Inspired by this description, I began experimenting. And because my maternal grandparents, Sol and Betty Ellix, came to the United States from Belarus, I adopted the Belarussian name kisiel for this sour oat milk and porridge. Both the oat milk and the porridge that this simple fermentation produces are compelling in their deliciousness.
Timeframe
2 to 5 days, depending upon temperature and taste preference
Ingredients
Makes 1 quart/1 liter of oat milk and porridge for 4 to 6 servings
About 2 cups/200 grams oats, rolled, cracked, or milled into flour
Pinch of salt
Instructions
Soak the oats in about 1 quart/1 liter of water, in a loosely covered container.

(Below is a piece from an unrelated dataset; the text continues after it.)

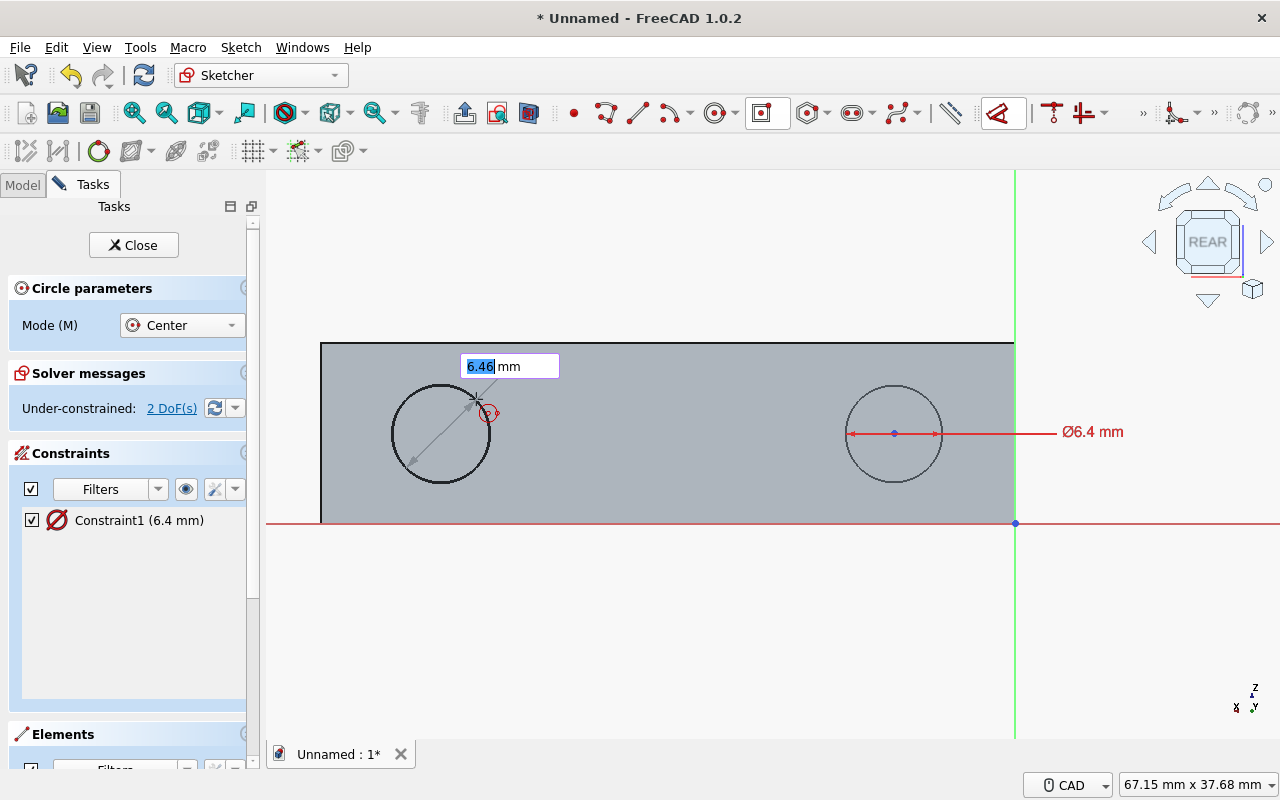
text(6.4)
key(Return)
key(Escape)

Stir, smell, and taste the soaking liquid daily to monitor the evolving flavor. I’ve gone as long as 5 days, at which point I detected notes of coconut.
When you decide it is ready, strain the soaking liquid from the solids. Enjoy the flavorful and nutritious oat milk raw.
Transfer the soaked oat solids to a pot, cover with 4 cups/1 liter of fresh water, and add a pinch of salt. Bring to a boil, then gently simmer over low heat, stirring frequently to prevent burning on the bottom of the pot, until liquid thickens.
Enjoy your porridge with sweet or savory seasonings, as you prefer. (I love mine savory, with butter, peanut butter, miso, and garlic.)